> **WHAT YOU WILL DO**: Below are the entries to work from; restate word for word the portion that opens with the line containing "Make the answer very short. 1968." and closes with the line containing "Your response must be concise. 0.3.", keeping both.

--- START ---

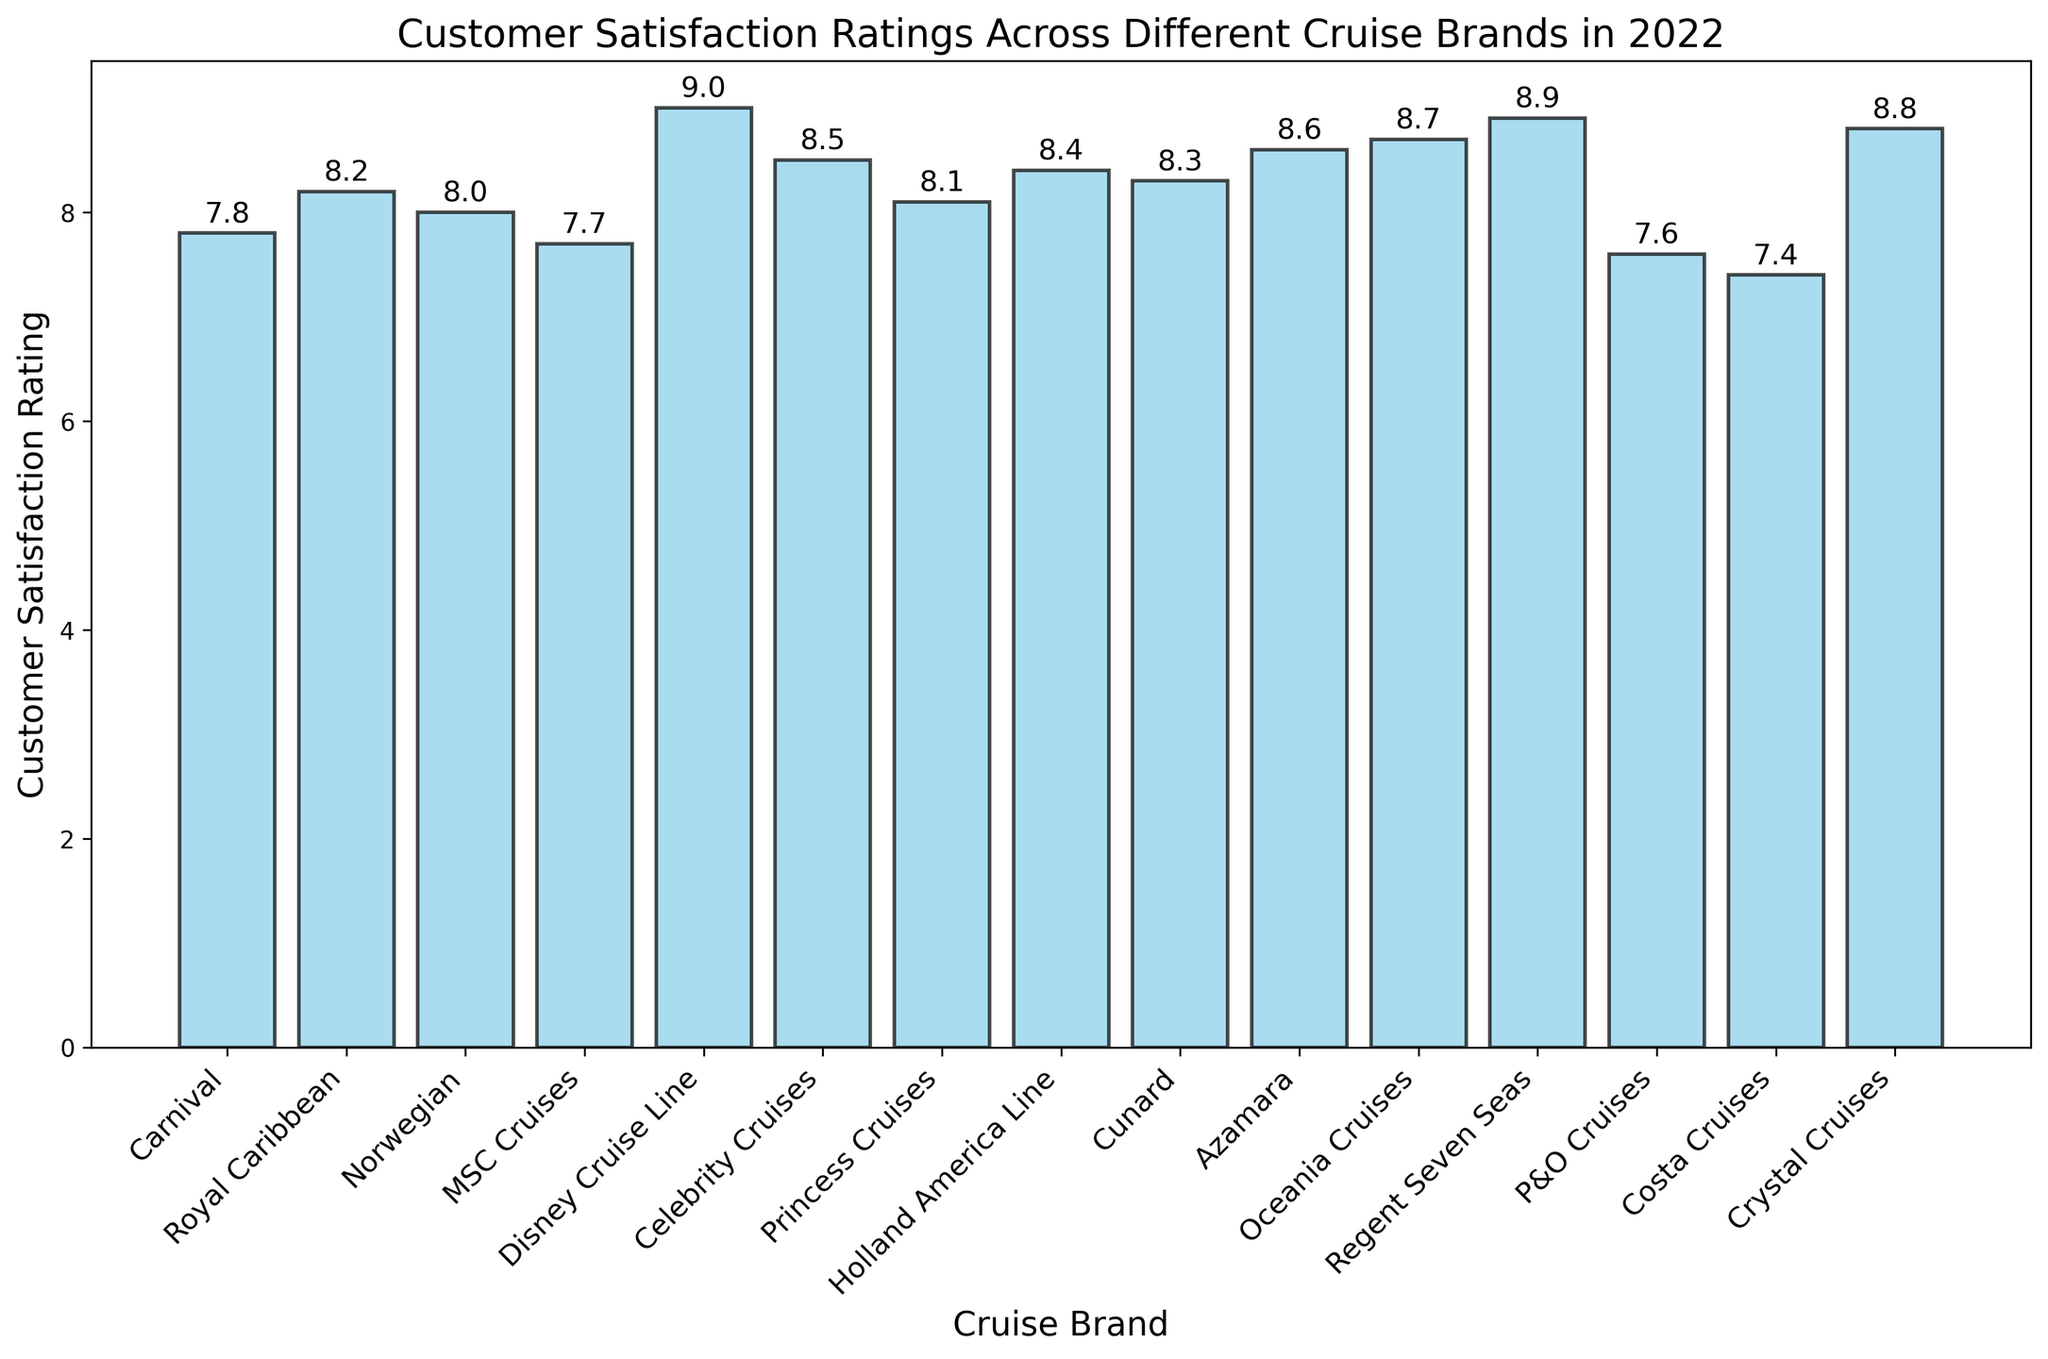What's the highest customer satisfaction rating among the cruise brands? Look at the tallest bar in the chart, which corresponds to Disney Cruise Line with a rating of 9.0
Answer: 9.0 Which cruise brand has the lowest customer satisfaction rating? Identify the shortest bar in the chart, which belongs to Costa Cruises with a rating of 7.4
Answer: Costa Cruises What is the difference in customer satisfaction ratings between Norwegian and Carnival? Find the bar heights for Norwegian (8.0) and Carnival (7.8). Subtract the smaller rating from the larger rating, giving 8.0 - 7.8 = 0.2
Answer: 0.2 Which cruise brands have ratings greater than 8.5? Scan for bars higher than the 8.5 line, identifying Azamara (8.6), Oceania Cruises (8.7), Crystal Cruises (8.8), and Regent Seven Seas (8.9)
Answer: Azamara, Oceania Cruises, Crystal Cruises, Regent Seven Seas What is the average customer satisfaction rating of MSC Cruises, Princess Cruises, and Cunard? Identify the ratings (MSC Cruises: 7.7, Princess Cruises: 8.1, Cunard: 8.3). Sum these values (7.7 + 8.1 + 8.3 = 24.1) and divide by 3 to get the average, which is 24.1 / 3 ≈ 8.03
Answer: 8.03 Which cruise brand has the second highest customer satisfaction rating? Identify the two tallest bars. Disney Cruise Line is highest (9.0). Regent Seven Seas is second highest (8.9)
Answer: Regent Seven Seas What is the total customer satisfaction rating for all cruise brands? Sum all individual ratings (7.8 + 8.2 + 8.0 + 7.7 + 9.0 + 8.5 + 8.1 + 8.4 + 8.3 + 8.6 + 8.7 + 8.9 + 7.6 + 7.4 + 8.8) = 125.0
Answer: 125.0 How many cruise brands have a customer satisfaction rating less than 8? Count the bars with heights less than 8. These are Carnival (7.8), MSC Cruises (7.7), P&O Cruises (7.6), and Costa Cruises (7.4), totaling 4 brands
Answer: 4 Which cruise brand has a higher customer satisfaction rating: Royal Caribbean or Celebrity Cruises? Compare the bar heights for Royal Caribbean (8.2) and Celebrity Cruises (8.5). Celebrity Cruises has the higher rating
Answer: Celebrity Cruises Is Oceania Cruises' customer satisfaction rating higher than the average rating of all cruise brands? Calculate the total rating of all brands (125.0) and divide by the number of brands (15) to get the average rating, which is 125.0 / 15 ≈ 8.33. Oceania Cruises has a rating of 8.7, which is higher
Answer: Yes, Oceania Cruises has a higher rating 
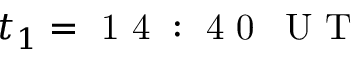Convert formula to latex. <formula><loc_0><loc_0><loc_500><loc_500>t _ { 1 } = 1 4 \colon 4 0 \, U T</formula> 
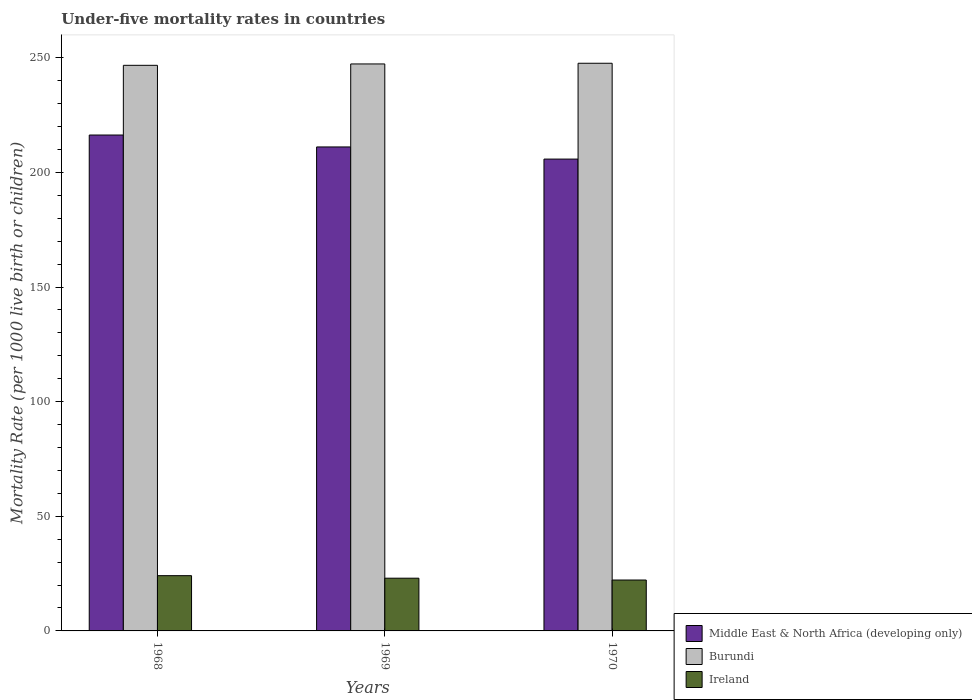How many different coloured bars are there?
Give a very brief answer. 3. Are the number of bars per tick equal to the number of legend labels?
Your response must be concise. Yes. What is the label of the 1st group of bars from the left?
Give a very brief answer. 1968. In how many cases, is the number of bars for a given year not equal to the number of legend labels?
Your response must be concise. 0. What is the under-five mortality rate in Burundi in 1968?
Ensure brevity in your answer.  246.7. Across all years, what is the maximum under-five mortality rate in Burundi?
Ensure brevity in your answer.  247.6. Across all years, what is the minimum under-five mortality rate in Burundi?
Offer a very short reply. 246.7. In which year was the under-five mortality rate in Ireland maximum?
Make the answer very short. 1968. In which year was the under-five mortality rate in Middle East & North Africa (developing only) minimum?
Make the answer very short. 1970. What is the total under-five mortality rate in Ireland in the graph?
Your response must be concise. 69.3. What is the difference between the under-five mortality rate in Middle East & North Africa (developing only) in 1969 and that in 1970?
Your answer should be very brief. 5.3. What is the difference between the under-five mortality rate in Burundi in 1968 and the under-five mortality rate in Ireland in 1970?
Provide a short and direct response. 224.5. What is the average under-five mortality rate in Burundi per year?
Ensure brevity in your answer.  247.2. In the year 1970, what is the difference between the under-five mortality rate in Ireland and under-five mortality rate in Burundi?
Your answer should be compact. -225.4. What is the ratio of the under-five mortality rate in Ireland in 1968 to that in 1970?
Provide a succinct answer. 1.09. What is the difference between the highest and the second highest under-five mortality rate in Burundi?
Your response must be concise. 0.3. What is the difference between the highest and the lowest under-five mortality rate in Ireland?
Offer a terse response. 1.9. Is the sum of the under-five mortality rate in Middle East & North Africa (developing only) in 1969 and 1970 greater than the maximum under-five mortality rate in Burundi across all years?
Your answer should be very brief. Yes. What does the 2nd bar from the left in 1968 represents?
Offer a very short reply. Burundi. What does the 3rd bar from the right in 1969 represents?
Offer a terse response. Middle East & North Africa (developing only). How many bars are there?
Offer a very short reply. 9. How many years are there in the graph?
Give a very brief answer. 3. Does the graph contain any zero values?
Your response must be concise. No. How many legend labels are there?
Your response must be concise. 3. How are the legend labels stacked?
Keep it short and to the point. Vertical. What is the title of the graph?
Give a very brief answer. Under-five mortality rates in countries. Does "Ukraine" appear as one of the legend labels in the graph?
Your answer should be compact. No. What is the label or title of the X-axis?
Make the answer very short. Years. What is the label or title of the Y-axis?
Offer a very short reply. Mortality Rate (per 1000 live birth or children). What is the Mortality Rate (per 1000 live birth or children) of Middle East & North Africa (developing only) in 1968?
Keep it short and to the point. 216.3. What is the Mortality Rate (per 1000 live birth or children) in Burundi in 1968?
Your answer should be very brief. 246.7. What is the Mortality Rate (per 1000 live birth or children) in Ireland in 1968?
Your answer should be compact. 24.1. What is the Mortality Rate (per 1000 live birth or children) of Middle East & North Africa (developing only) in 1969?
Give a very brief answer. 211.1. What is the Mortality Rate (per 1000 live birth or children) in Burundi in 1969?
Your answer should be very brief. 247.3. What is the Mortality Rate (per 1000 live birth or children) in Ireland in 1969?
Provide a succinct answer. 23. What is the Mortality Rate (per 1000 live birth or children) of Middle East & North Africa (developing only) in 1970?
Offer a terse response. 205.8. What is the Mortality Rate (per 1000 live birth or children) in Burundi in 1970?
Provide a short and direct response. 247.6. Across all years, what is the maximum Mortality Rate (per 1000 live birth or children) in Middle East & North Africa (developing only)?
Give a very brief answer. 216.3. Across all years, what is the maximum Mortality Rate (per 1000 live birth or children) of Burundi?
Your response must be concise. 247.6. Across all years, what is the maximum Mortality Rate (per 1000 live birth or children) of Ireland?
Offer a very short reply. 24.1. Across all years, what is the minimum Mortality Rate (per 1000 live birth or children) of Middle East & North Africa (developing only)?
Offer a terse response. 205.8. Across all years, what is the minimum Mortality Rate (per 1000 live birth or children) in Burundi?
Offer a very short reply. 246.7. What is the total Mortality Rate (per 1000 live birth or children) of Middle East & North Africa (developing only) in the graph?
Offer a very short reply. 633.2. What is the total Mortality Rate (per 1000 live birth or children) of Burundi in the graph?
Your answer should be very brief. 741.6. What is the total Mortality Rate (per 1000 live birth or children) of Ireland in the graph?
Make the answer very short. 69.3. What is the difference between the Mortality Rate (per 1000 live birth or children) of Burundi in 1968 and that in 1969?
Your response must be concise. -0.6. What is the difference between the Mortality Rate (per 1000 live birth or children) in Middle East & North Africa (developing only) in 1968 and that in 1970?
Offer a terse response. 10.5. What is the difference between the Mortality Rate (per 1000 live birth or children) of Burundi in 1968 and that in 1970?
Offer a very short reply. -0.9. What is the difference between the Mortality Rate (per 1000 live birth or children) in Burundi in 1969 and that in 1970?
Ensure brevity in your answer.  -0.3. What is the difference between the Mortality Rate (per 1000 live birth or children) in Ireland in 1969 and that in 1970?
Ensure brevity in your answer.  0.8. What is the difference between the Mortality Rate (per 1000 live birth or children) in Middle East & North Africa (developing only) in 1968 and the Mortality Rate (per 1000 live birth or children) in Burundi in 1969?
Give a very brief answer. -31. What is the difference between the Mortality Rate (per 1000 live birth or children) in Middle East & North Africa (developing only) in 1968 and the Mortality Rate (per 1000 live birth or children) in Ireland in 1969?
Your answer should be very brief. 193.3. What is the difference between the Mortality Rate (per 1000 live birth or children) of Burundi in 1968 and the Mortality Rate (per 1000 live birth or children) of Ireland in 1969?
Your answer should be compact. 223.7. What is the difference between the Mortality Rate (per 1000 live birth or children) of Middle East & North Africa (developing only) in 1968 and the Mortality Rate (per 1000 live birth or children) of Burundi in 1970?
Your answer should be very brief. -31.3. What is the difference between the Mortality Rate (per 1000 live birth or children) of Middle East & North Africa (developing only) in 1968 and the Mortality Rate (per 1000 live birth or children) of Ireland in 1970?
Make the answer very short. 194.1. What is the difference between the Mortality Rate (per 1000 live birth or children) of Burundi in 1968 and the Mortality Rate (per 1000 live birth or children) of Ireland in 1970?
Give a very brief answer. 224.5. What is the difference between the Mortality Rate (per 1000 live birth or children) of Middle East & North Africa (developing only) in 1969 and the Mortality Rate (per 1000 live birth or children) of Burundi in 1970?
Give a very brief answer. -36.5. What is the difference between the Mortality Rate (per 1000 live birth or children) of Middle East & North Africa (developing only) in 1969 and the Mortality Rate (per 1000 live birth or children) of Ireland in 1970?
Your answer should be compact. 188.9. What is the difference between the Mortality Rate (per 1000 live birth or children) in Burundi in 1969 and the Mortality Rate (per 1000 live birth or children) in Ireland in 1970?
Your answer should be compact. 225.1. What is the average Mortality Rate (per 1000 live birth or children) in Middle East & North Africa (developing only) per year?
Your response must be concise. 211.07. What is the average Mortality Rate (per 1000 live birth or children) of Burundi per year?
Offer a terse response. 247.2. What is the average Mortality Rate (per 1000 live birth or children) in Ireland per year?
Your answer should be very brief. 23.1. In the year 1968, what is the difference between the Mortality Rate (per 1000 live birth or children) of Middle East & North Africa (developing only) and Mortality Rate (per 1000 live birth or children) of Burundi?
Your response must be concise. -30.4. In the year 1968, what is the difference between the Mortality Rate (per 1000 live birth or children) of Middle East & North Africa (developing only) and Mortality Rate (per 1000 live birth or children) of Ireland?
Keep it short and to the point. 192.2. In the year 1968, what is the difference between the Mortality Rate (per 1000 live birth or children) in Burundi and Mortality Rate (per 1000 live birth or children) in Ireland?
Offer a terse response. 222.6. In the year 1969, what is the difference between the Mortality Rate (per 1000 live birth or children) in Middle East & North Africa (developing only) and Mortality Rate (per 1000 live birth or children) in Burundi?
Offer a terse response. -36.2. In the year 1969, what is the difference between the Mortality Rate (per 1000 live birth or children) in Middle East & North Africa (developing only) and Mortality Rate (per 1000 live birth or children) in Ireland?
Your response must be concise. 188.1. In the year 1969, what is the difference between the Mortality Rate (per 1000 live birth or children) of Burundi and Mortality Rate (per 1000 live birth or children) of Ireland?
Your answer should be very brief. 224.3. In the year 1970, what is the difference between the Mortality Rate (per 1000 live birth or children) of Middle East & North Africa (developing only) and Mortality Rate (per 1000 live birth or children) of Burundi?
Ensure brevity in your answer.  -41.8. In the year 1970, what is the difference between the Mortality Rate (per 1000 live birth or children) of Middle East & North Africa (developing only) and Mortality Rate (per 1000 live birth or children) of Ireland?
Offer a terse response. 183.6. In the year 1970, what is the difference between the Mortality Rate (per 1000 live birth or children) of Burundi and Mortality Rate (per 1000 live birth or children) of Ireland?
Offer a very short reply. 225.4. What is the ratio of the Mortality Rate (per 1000 live birth or children) in Middle East & North Africa (developing only) in 1968 to that in 1969?
Provide a succinct answer. 1.02. What is the ratio of the Mortality Rate (per 1000 live birth or children) of Ireland in 1968 to that in 1969?
Keep it short and to the point. 1.05. What is the ratio of the Mortality Rate (per 1000 live birth or children) in Middle East & North Africa (developing only) in 1968 to that in 1970?
Provide a short and direct response. 1.05. What is the ratio of the Mortality Rate (per 1000 live birth or children) in Burundi in 1968 to that in 1970?
Provide a succinct answer. 1. What is the ratio of the Mortality Rate (per 1000 live birth or children) of Ireland in 1968 to that in 1970?
Keep it short and to the point. 1.09. What is the ratio of the Mortality Rate (per 1000 live birth or children) in Middle East & North Africa (developing only) in 1969 to that in 1970?
Your response must be concise. 1.03. What is the ratio of the Mortality Rate (per 1000 live birth or children) of Burundi in 1969 to that in 1970?
Make the answer very short. 1. What is the ratio of the Mortality Rate (per 1000 live birth or children) of Ireland in 1969 to that in 1970?
Your response must be concise. 1.04. What is the difference between the highest and the second highest Mortality Rate (per 1000 live birth or children) in Ireland?
Provide a short and direct response. 1.1.

--- END ---

> **YOUR SOLUTION**:
Make the answer very short. 1968. In which year was the under-five mortality rate in Middle East & North Africa (developing only) minimum?
Make the answer very short. 1970. What is the total under-five mortality rate in Ireland in the graph?
Your response must be concise. 69.3. What is the difference between the under-five mortality rate in Middle East & North Africa (developing only) in 1969 and that in 1970?
Your answer should be very brief. 5.3. What is the difference between the under-five mortality rate in Burundi in 1968 and the under-five mortality rate in Ireland in 1970?
Provide a short and direct response. 224.5. What is the average under-five mortality rate in Burundi per year?
Ensure brevity in your answer.  247.2. In the year 1970, what is the difference between the under-five mortality rate in Ireland and under-five mortality rate in Burundi?
Your answer should be compact. -225.4. What is the ratio of the under-five mortality rate in Ireland in 1968 to that in 1970?
Provide a succinct answer. 1.09. What is the difference between the highest and the second highest under-five mortality rate in Burundi?
Your response must be concise. 0.3. What is the difference between the highest and the lowest under-five mortality rate in Ireland?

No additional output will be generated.